Não sei até que ponto te apercebeste do quão importante foi a tua amizade numa altura turbulenta da minha vida. Em parte, porque nunca te falei desses tumultos. Nunca senti necessidade; não eram para ali chamados. Porque contigo estava noutro mundo, longe desses reboliços da escola. Num mundo de saltos, treino, competição, mayllots... mas também de bom-senso, pedagogia, aprendizagem... Na frente da carrinha do clube, enquanto o pessoal dormia ou brincava lá atrás, discutíamos as atitudes dos outros treinadores e ginastas quase tanto como a execução e dificuldade das séries que levavam a prova, ou as pontuações.
Nem tudo eram rosas. Houve alturas em que me levaste aos arames, e me tiraste do sério – e informei-te disso alto e bom som, com os gritos e as lágrimas que me saem em momentos de profunda irritação. Agora que penso nisso, deve ter havido momentos em que te fiz desesperar, também, quando um medo infundado me impedia de fazer o que querias, ou de tentar sequer.
Apesar disso – ou talvez em parte por causa disso – ajudaste-me a arranjar estratégias para ultrapassar os nervos – ou melhor, para os canalizar de forma útil, como aprendemos juntos que era preferível. Deste-me um lugar seguro, onde ser eu própria. Reconheceste a minha dedicação, e a minha ligação a alguns dos miúdos, e puseste-a a uso para o bem de todos os envolvidos. Davas-me boleia na tua mota uma vez por semana para que pudesse ter mais um treino, e nunca gozaste comigo quando no Inverno – e por insistência da minha mãe – levava vestido o fato de mota que tinha sido do meu pai, e que me ficava comicamente grande.

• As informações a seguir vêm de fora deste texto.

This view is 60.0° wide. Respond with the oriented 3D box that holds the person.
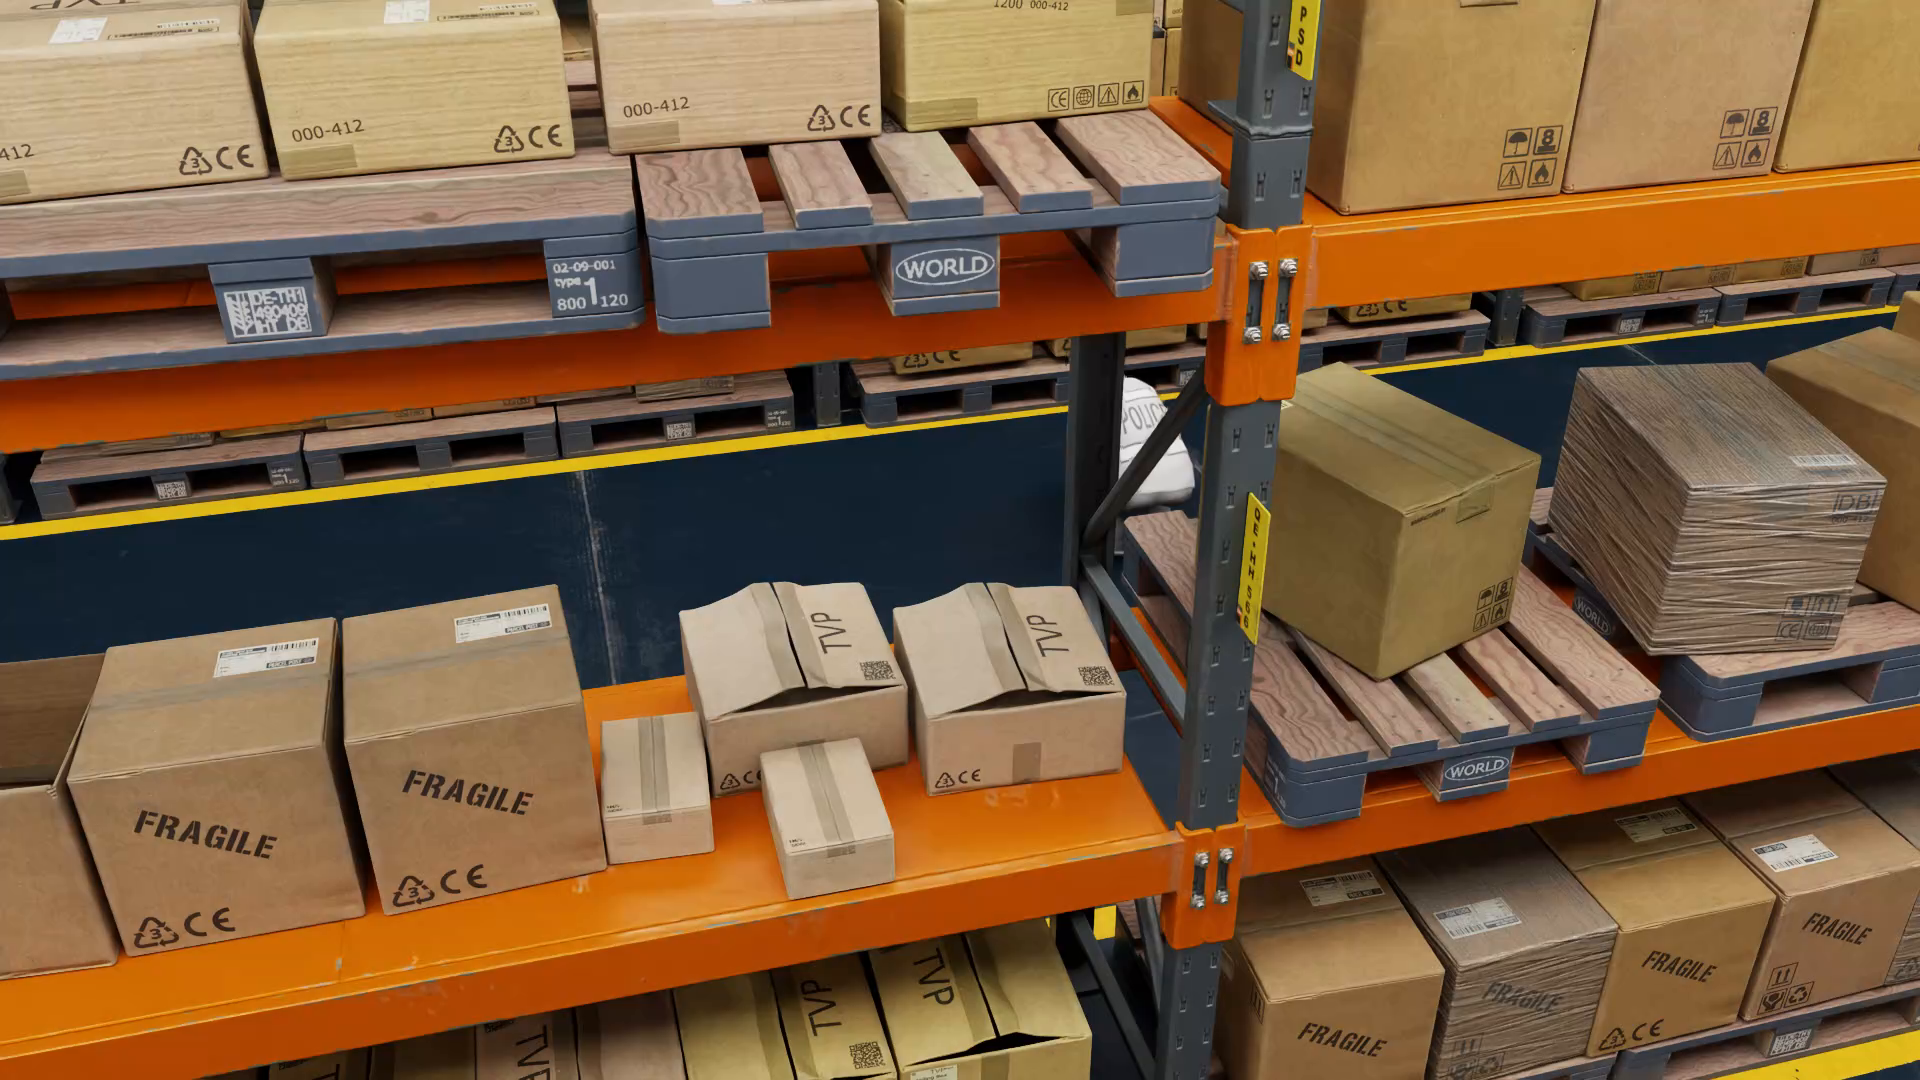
[{"bbox_3d":[0.759,-0.400,7.624,0.471,0.852,0.863,-8,31,-13],"label":"person"}]
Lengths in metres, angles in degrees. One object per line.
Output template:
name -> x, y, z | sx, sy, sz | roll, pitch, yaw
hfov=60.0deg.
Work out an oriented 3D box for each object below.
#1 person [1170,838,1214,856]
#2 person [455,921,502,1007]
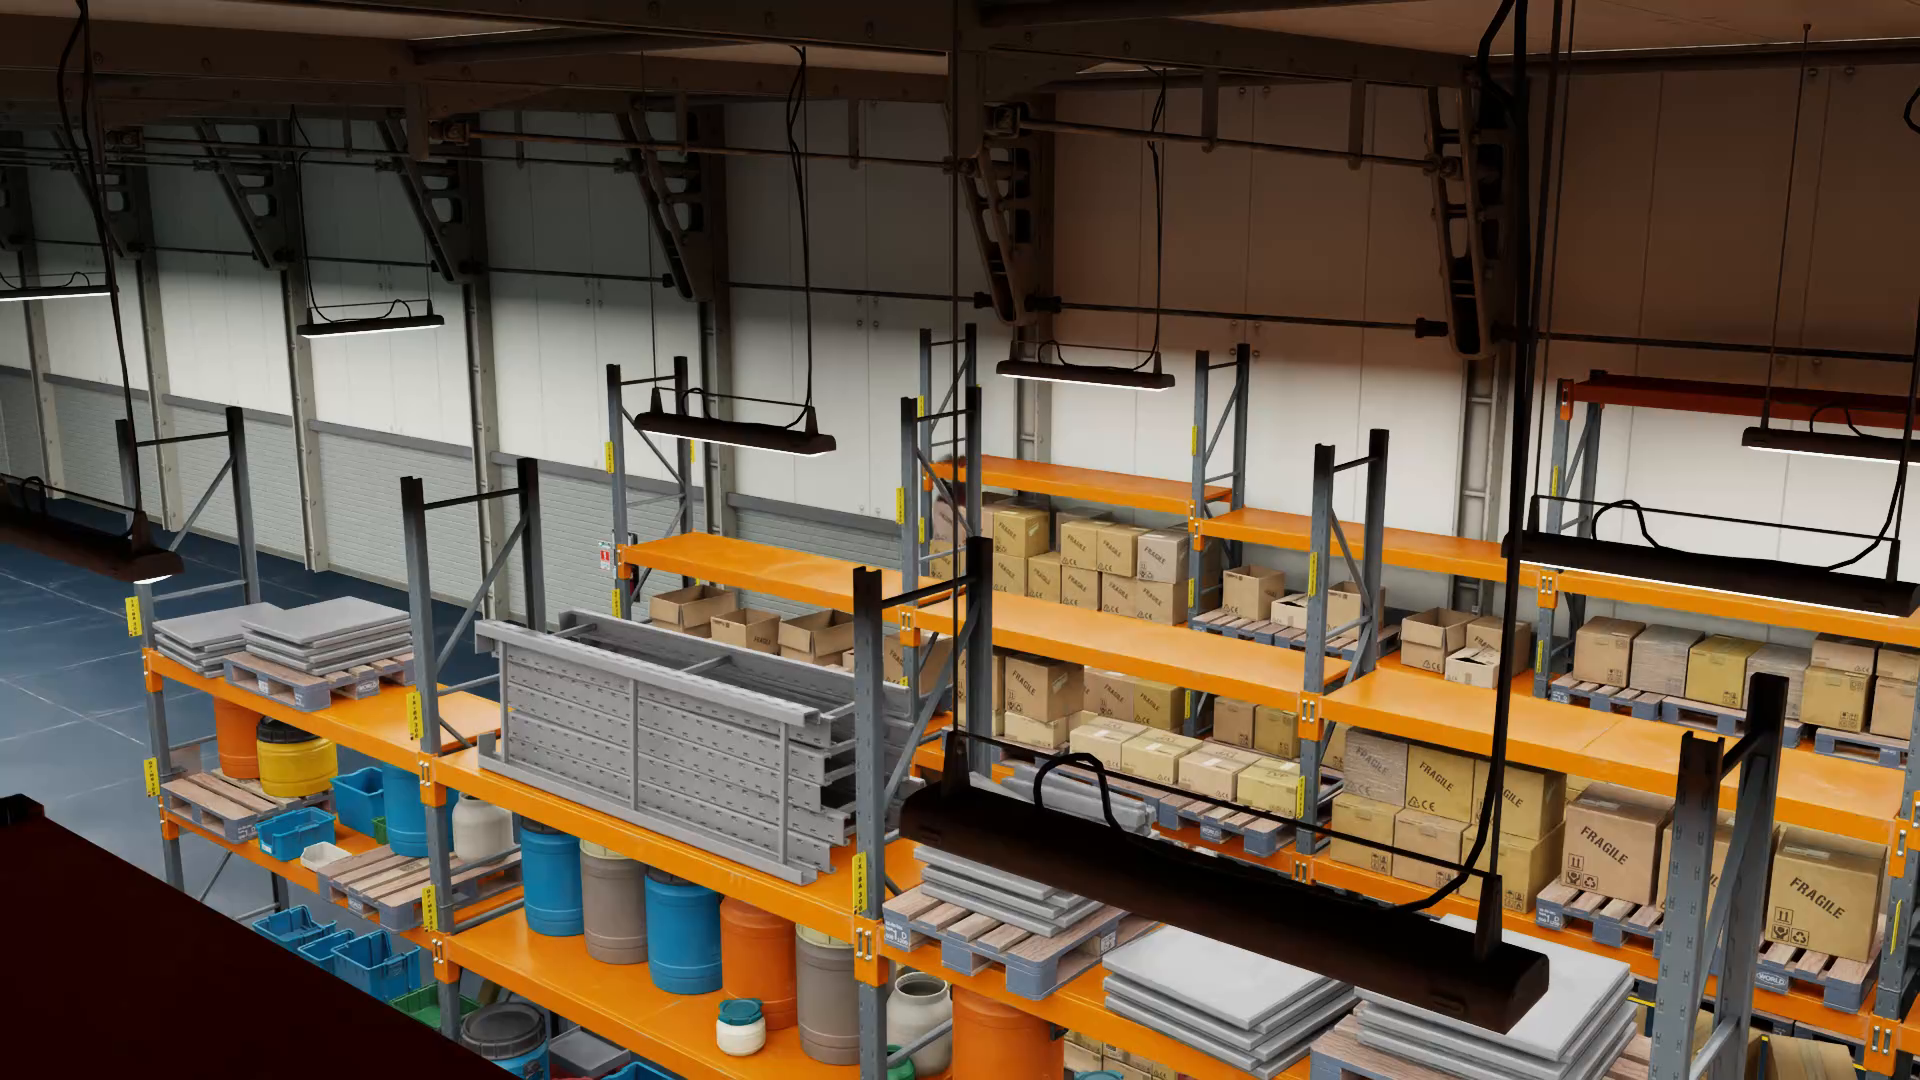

Acima de tudo, e apesar de me conheceres desde os meus 10 anos, e de me teres visto crescer, apercebeste-te de que tinha crescido, e a certa altura começaste a tratar-me de igual para igual. Passámos a ser amigos. Ensinaste-me muita coisa, mas sobretudo deste-me espaço para ser confiante. Na altura não o sabíamos, mas estávamos a criar memórias que provavelmente vão ficar comigo o resto da vida, e ser reavivadas sempre que vejo um dos poucos filmes que tenho de campeonatos e saraus. Emoções que são reavivadas quando vejo os trampolins nos olímpicos, na TV... Sim, que deixei de saltar há anos, mas ainda sonho regularmente com os trampolins... e acho que em parte isso também é culpa tua!